The Asean Agreement provides several different protections to eligible investors and allows such investor to submit a claim against the investment State for loss of, or damage to, their investment as a result of a breach of the Asean Agreement by failing to provide such protections.
The investor who incurs such loss or damage may then submit a claim:
(a) to the courts or administrative tribunals of the investment State, provided that such courts or tribunals have jurisdiction over such claims; or
(b) under the ICSID (International Centre for Settlement of Investment Disputes) Convention and the ICSID Rules of Procedure for Arbitration proceeding, provided that both the investment State and the investor’s State are parties to the ICSID Convention; or
(c) under the ICSID Additional Facility Rules, provided that either the investment State or the investor’s State is a party to the ICSID Convention; or
(d) under the UNCITRAL (United Nations Commission on International Trade Law) Arbitration Rules; or
(e) to the Regional Centre for Arbitration in Kuala Lumpur, or any other regional centre for arbitration in Asean; or
(f) if the disputing parties agree, to any other arbitration institution, provided that resort to any arbitration rules or forum under sub-paragraphs (a) to (f) excludes resort to any other.
If the investor chooses to submit its claim to arbitration under one of the five options above, then:
(a) the submission must be made within three years of the time at which the disputing investor became aware, or should reasonably have become aware, of the breach of an obligation under the Asean Agreement that causes the claimed loss or damage; and
(b) the investor must provide written notice of its intent to submit the claim, and details of the claim, to the investment State at least ninety days before the claim is submitted; and
(c) the notice of arbitration must be accompanied by the investor’s written waiver of the investor’s right to initiate or continue any proceedings before the courts or administrative tribunals of the investment State, or other dispute settlement procedures, of any proceeding with respect to any measure alleged to constitute the breach.
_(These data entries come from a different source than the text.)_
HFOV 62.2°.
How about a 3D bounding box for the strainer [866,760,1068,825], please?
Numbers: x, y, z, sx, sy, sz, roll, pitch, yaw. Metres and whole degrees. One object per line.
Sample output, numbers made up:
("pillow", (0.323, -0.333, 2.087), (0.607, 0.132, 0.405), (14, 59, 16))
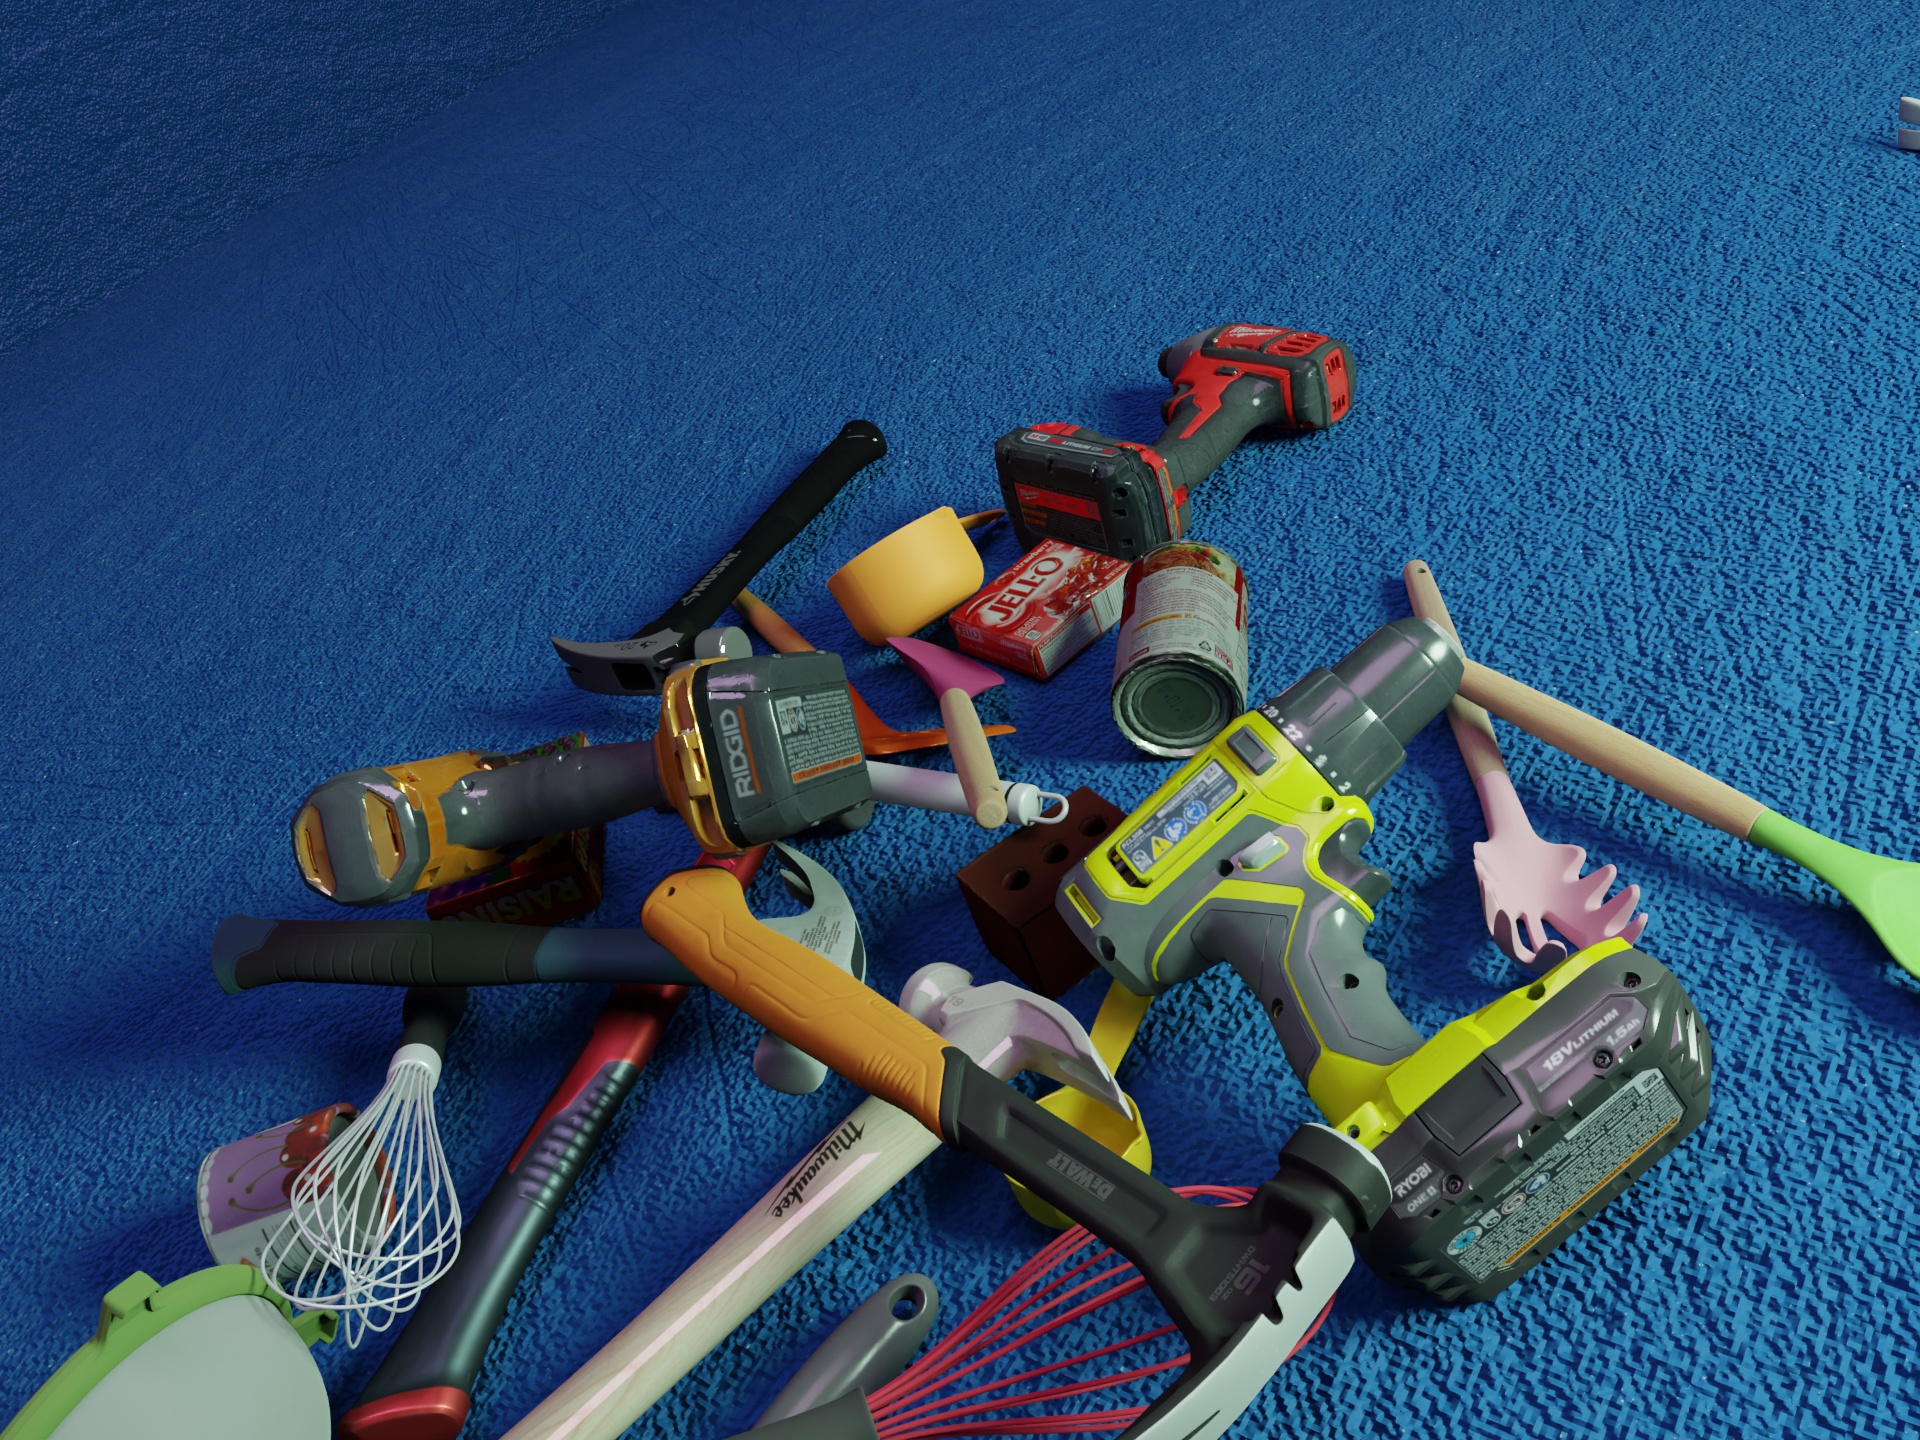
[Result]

This does not, however, preclude the investor from seeking interim measures of protection from any relevant court or tribunal.
The Asean Agreement also regulates certain matters regarding the conduct of any arbitration pursuant to the Asean Agreement as follows:
(a) where any preliminary objection to admissibility or to the tribunal’s jurisdiction is raised, the arbitration tribunal is required to decide it in the form of an award before proceeding to any remaining merits of the case;
(b) where a preliminary objection is to any claim against the investment State specifically, the investment State must file its objection no later than thirty days after the constitution of the tribunal stating as specifically as possible why the claim is: (1) “manifestly without merit”; or (2) “outside the jurisdiction or competence of the tribunal”;
(c) the tribunal is explicitly empowered to award reasonable costs in connection with any preliminary objection to the prevailing party;
(d) where the parties have not agreed to the place of arbitration, the tribunal is empowered to determine the place of arbitration provided that such place is a party to the 1958 New York Convention on the Recognition and Enforcement of Arbitral Awards;
(e) where the dispute relates to an alleged taxation measure, the investment State and the investor’s State, including representatives of their tax administrations, are required to hold consultations to determine whether the measure in question is, indeed, a taxation measure.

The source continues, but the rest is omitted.